ArrayTransferIF generalises SchemaTransferIF: a single-element array transfer with count=1 is equivalent to a schema transfer, and the implementations share the same PhysicalTransport layer.
Application layer: Component.write(elements) rx_proc(elements) / get(count)
│ │
Logical layer: ArrayTransferIFMaster ArrayTransferIFSlave
│ │
Transport layer: PhysicalTransport (StreamTransport | …)
│ │
Physical layer: StreamIFMaster StreamIFSlave
Classes
| Class | Role |
|---|---|
ArrayTransferIFMaster |
Serializes an element list → one word burst → transport |
ArrayTransferIFSlave |
Receives a word burst → deserializes → delivers via rx_proc or get(count) |
ArrayTransferIF |
Optional logical container; validates endpoint types, element_type, and bitwidth |
PhysicalTransport and StreamTransport are shared with SchemaTransferIF; see the Schema Transfer Interface page.
ArrayTransferIFMaster
| Parameter | Type | Default | Meaning |
|---|---|---|---|
transport |
PhysicalTransport |
— | Physical layer to transmit through |
element_type |
type[DataSchema] |
— | Schema class for each element |
bitwidth |
int |
32 |
Word width for serialization |
master = ArrayTransferIFMaster(
sim=sim,
transport=transport,
element_type=Float32,
bitwidth=32,
)
Usage — from inside a run_proc:
def run_proc(self) -> ProcessGen[None]:
samples = np.array([1.0, -2.5, 3.14], dtype=np.float32)

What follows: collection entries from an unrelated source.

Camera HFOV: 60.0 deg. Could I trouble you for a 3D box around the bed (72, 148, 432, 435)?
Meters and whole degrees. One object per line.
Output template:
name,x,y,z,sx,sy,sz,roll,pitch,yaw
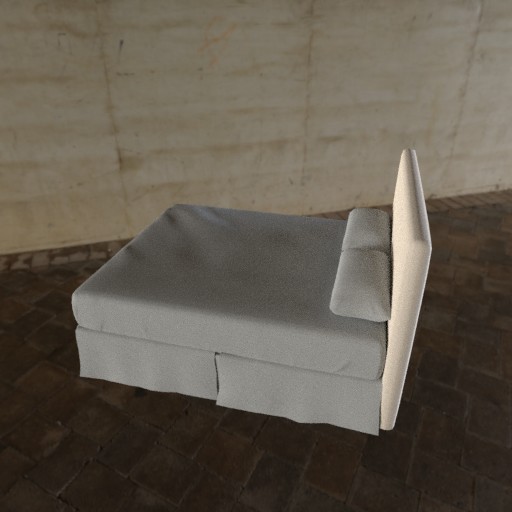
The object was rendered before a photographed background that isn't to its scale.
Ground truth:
bed,0.000,0.000,3.269,2.142,1.330,1.748,7,29,13
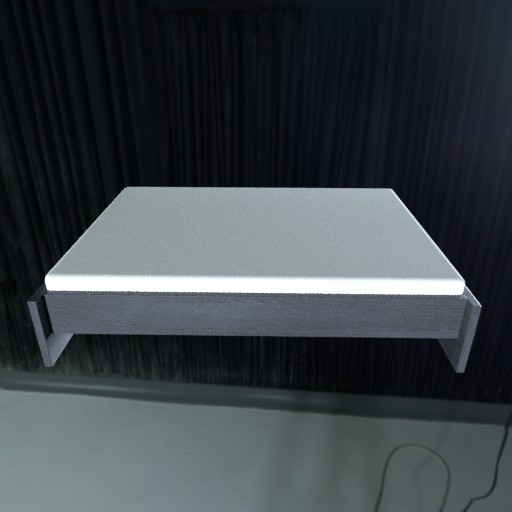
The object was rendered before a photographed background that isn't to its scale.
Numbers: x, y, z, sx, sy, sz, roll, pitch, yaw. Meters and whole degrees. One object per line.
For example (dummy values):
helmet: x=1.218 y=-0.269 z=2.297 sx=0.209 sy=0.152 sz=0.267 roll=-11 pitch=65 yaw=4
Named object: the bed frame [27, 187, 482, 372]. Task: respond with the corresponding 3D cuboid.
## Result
bed frame: x=0.000 y=0.000 z=2.629 sx=1.950 sy=0.432 sz=1.490 roll=1 pitch=27 yaw=1
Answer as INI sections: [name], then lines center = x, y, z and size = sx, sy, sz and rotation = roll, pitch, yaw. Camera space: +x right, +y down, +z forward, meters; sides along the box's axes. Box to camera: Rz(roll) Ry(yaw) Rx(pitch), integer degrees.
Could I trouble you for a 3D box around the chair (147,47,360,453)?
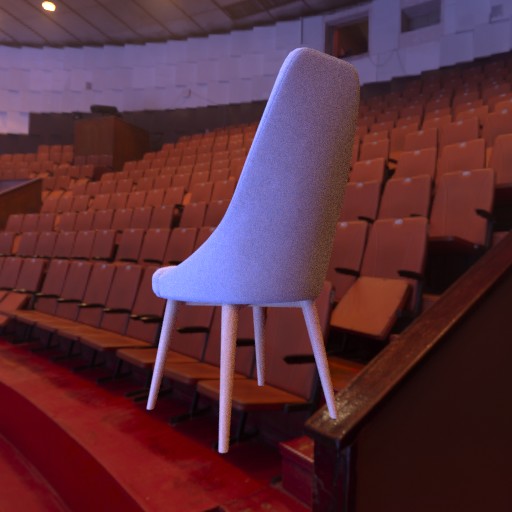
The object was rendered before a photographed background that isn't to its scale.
[chair]
center = 0.000, 0.000, 1.404
size = 0.510, 1.040, 0.660
rotation = 0, 0, -36
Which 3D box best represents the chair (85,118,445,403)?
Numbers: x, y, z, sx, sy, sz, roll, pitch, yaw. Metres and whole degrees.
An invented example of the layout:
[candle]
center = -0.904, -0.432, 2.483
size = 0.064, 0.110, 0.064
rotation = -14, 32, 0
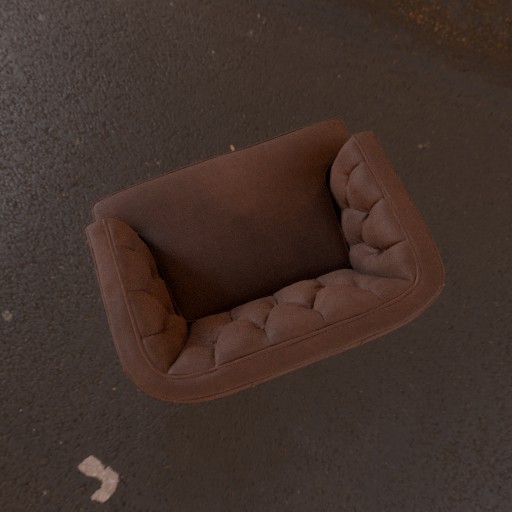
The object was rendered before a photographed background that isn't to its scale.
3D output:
[chair]
center = 0.000, 0.000, 1.775
size = 1.118, 0.787, 0.914
rotation = -20, 77, -5
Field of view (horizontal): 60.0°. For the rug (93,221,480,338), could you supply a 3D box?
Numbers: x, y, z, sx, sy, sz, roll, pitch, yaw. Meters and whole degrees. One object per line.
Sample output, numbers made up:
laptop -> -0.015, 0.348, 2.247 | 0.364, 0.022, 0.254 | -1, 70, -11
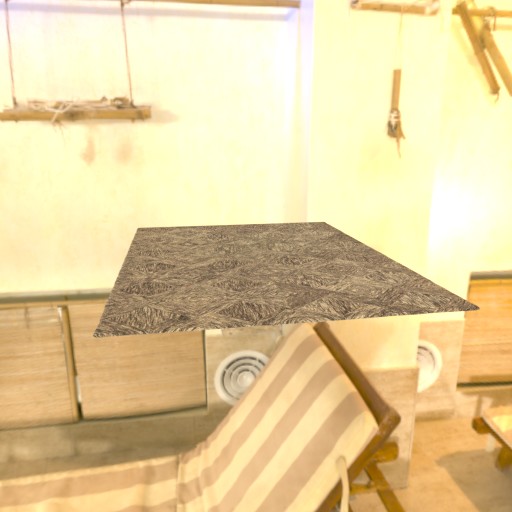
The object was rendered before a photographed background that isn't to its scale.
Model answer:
rug -> 0.000, 0.000, 4.225 | 2.448, 0.017, 3.204 | -3, 15, -10
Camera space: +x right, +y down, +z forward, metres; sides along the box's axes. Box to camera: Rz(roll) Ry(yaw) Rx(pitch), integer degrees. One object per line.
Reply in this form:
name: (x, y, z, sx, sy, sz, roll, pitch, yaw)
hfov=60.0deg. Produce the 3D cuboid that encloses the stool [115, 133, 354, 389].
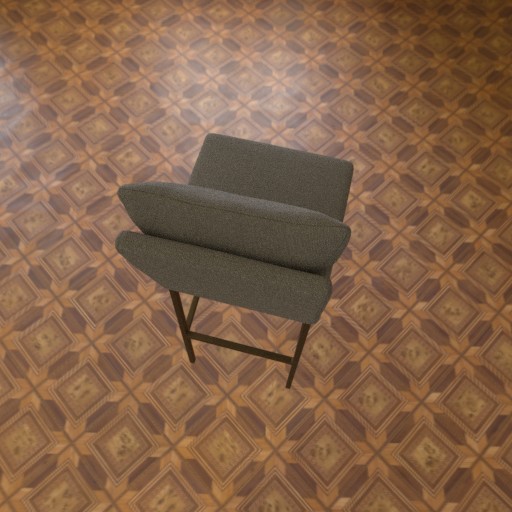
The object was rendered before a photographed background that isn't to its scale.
stool: (0.000, 0.000, 1.387, 0.463, 1.132, 0.569, 13, 65, 6)
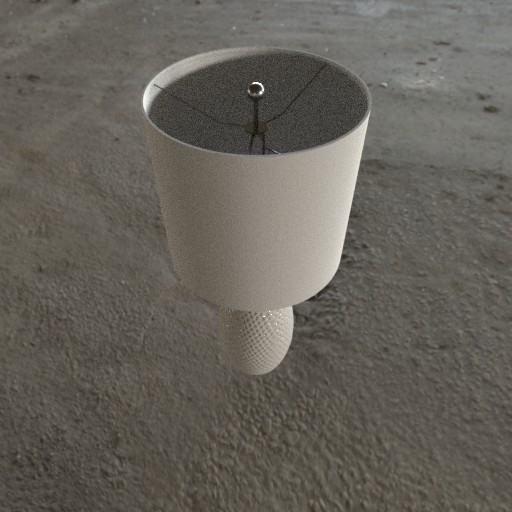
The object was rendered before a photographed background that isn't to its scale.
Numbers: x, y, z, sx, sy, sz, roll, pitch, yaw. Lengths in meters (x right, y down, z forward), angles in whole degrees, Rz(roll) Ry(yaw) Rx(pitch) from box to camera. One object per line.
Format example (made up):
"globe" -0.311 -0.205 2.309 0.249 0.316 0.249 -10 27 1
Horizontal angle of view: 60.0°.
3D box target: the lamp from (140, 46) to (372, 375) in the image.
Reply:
"lamp" 0.000 0.000 0.581 0.214 0.466 0.214 11 47 10
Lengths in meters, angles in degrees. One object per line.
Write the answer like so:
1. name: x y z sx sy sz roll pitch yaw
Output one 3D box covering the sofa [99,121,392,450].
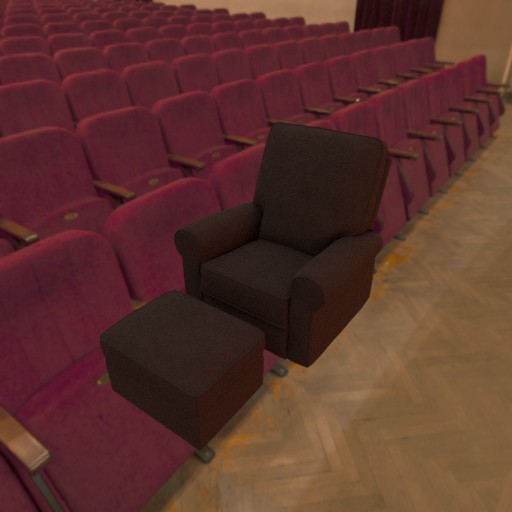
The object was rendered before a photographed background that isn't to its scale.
1. sofa: 0.000 0.000 2.114 0.880 0.959 1.478 20 36 30
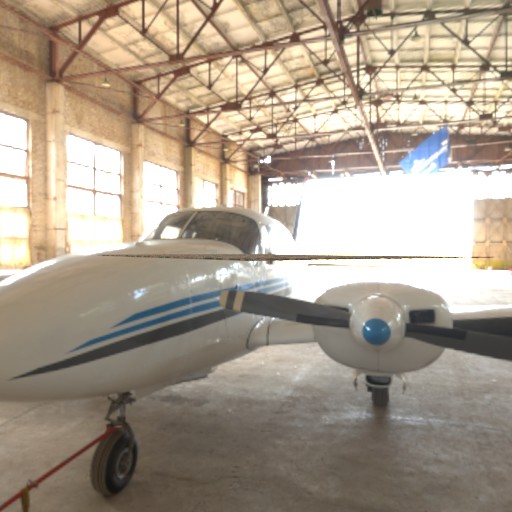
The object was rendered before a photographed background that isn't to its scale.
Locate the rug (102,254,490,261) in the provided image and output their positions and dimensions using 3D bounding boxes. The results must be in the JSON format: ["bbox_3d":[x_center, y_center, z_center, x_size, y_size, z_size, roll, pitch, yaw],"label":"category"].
[{"bbox_3d":[0.000,0.000,2.997,1.524,0.011,2.438,0,1,-34],"label":"rug"}]
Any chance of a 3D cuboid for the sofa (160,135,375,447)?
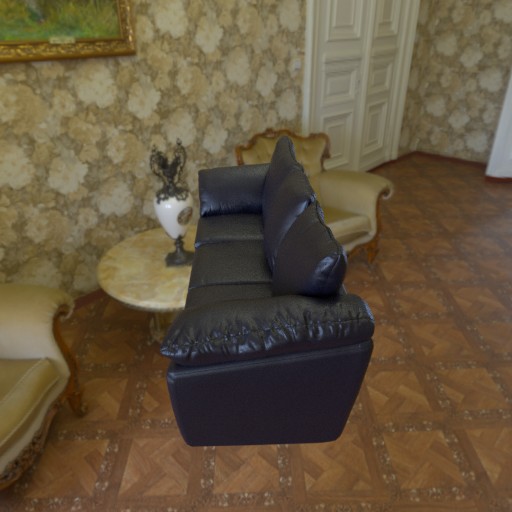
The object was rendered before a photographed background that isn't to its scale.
[{"bbox_3d":[0.000,0.000,2.859,0.880,1.073,2.336,-1,28,-2],"label":"sofa"}]
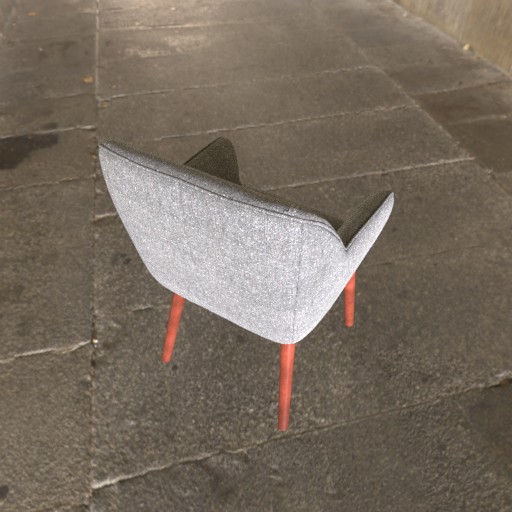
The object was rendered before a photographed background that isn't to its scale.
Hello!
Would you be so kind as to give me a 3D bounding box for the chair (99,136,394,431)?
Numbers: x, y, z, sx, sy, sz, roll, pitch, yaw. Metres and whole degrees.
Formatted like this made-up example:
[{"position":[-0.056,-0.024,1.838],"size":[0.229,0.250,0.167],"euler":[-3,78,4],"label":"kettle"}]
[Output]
[{"position":[0.000,0.000,1.186],"size":[0.543,0.803,0.519],"euler":[23,49,22],"label":"chair"}]

yield from self.arr_master.write(samples)
write(elements) serializes each element with element_type.nwords_per_inst(bitwidth) words, concatenates them into one burst, and forwards the burst to the transport as a single AXI-Stream packet (TLAST asserted on the last word).
Numpy fast path — when element_type is a scalar FloatField or IntField and elements is a np.ndarray, the array is converted to words in a single vectorized operation (no per-element schema instance allocation):
yield from self.arr_master.write(np.array([1.0, -2.5, 3.14], dtype=np.float32)) # Float32
yield from self.arr_master.write(np.array([10, 20, 30], dtype=np.uint8)) # U8
elements may also contain schema instances or raw Python values — anything that element_type(value) accepts (slow path):
yield from self.arr_master.write([Float32(1.0), Float32(-2.5)]) # schema instances
yield from self.arr_master.write([1.0, -2.5, 3.14]) # raw values → Float32
ArrayTransferIFSlave
| Parameter | Type | Default | Meaning |
|---|---|---|---|
transport |
PhysicalTransport |
— | Physical layer to receive from |
element_type |
type[DataSchema] |
— | Schema class for each element |
bitwidth |
int |
32 |
Word width for deserialization |
rx_proc |
Callable[[list], ProcessGen[None]] \| None |
None |
Push-mode callback |
pull_mode |
bool |
False |
When True, enables get(count) and disables the push callback |
Two receive modes are available.
Push mode (default)
Set rx_proc to a callback and call pre_sim(). When a burst arrives, the element count is inferred from the burst length divided by element_type.nwords_per_inst(bitwidth), and rx_proc(elements) is called with the result.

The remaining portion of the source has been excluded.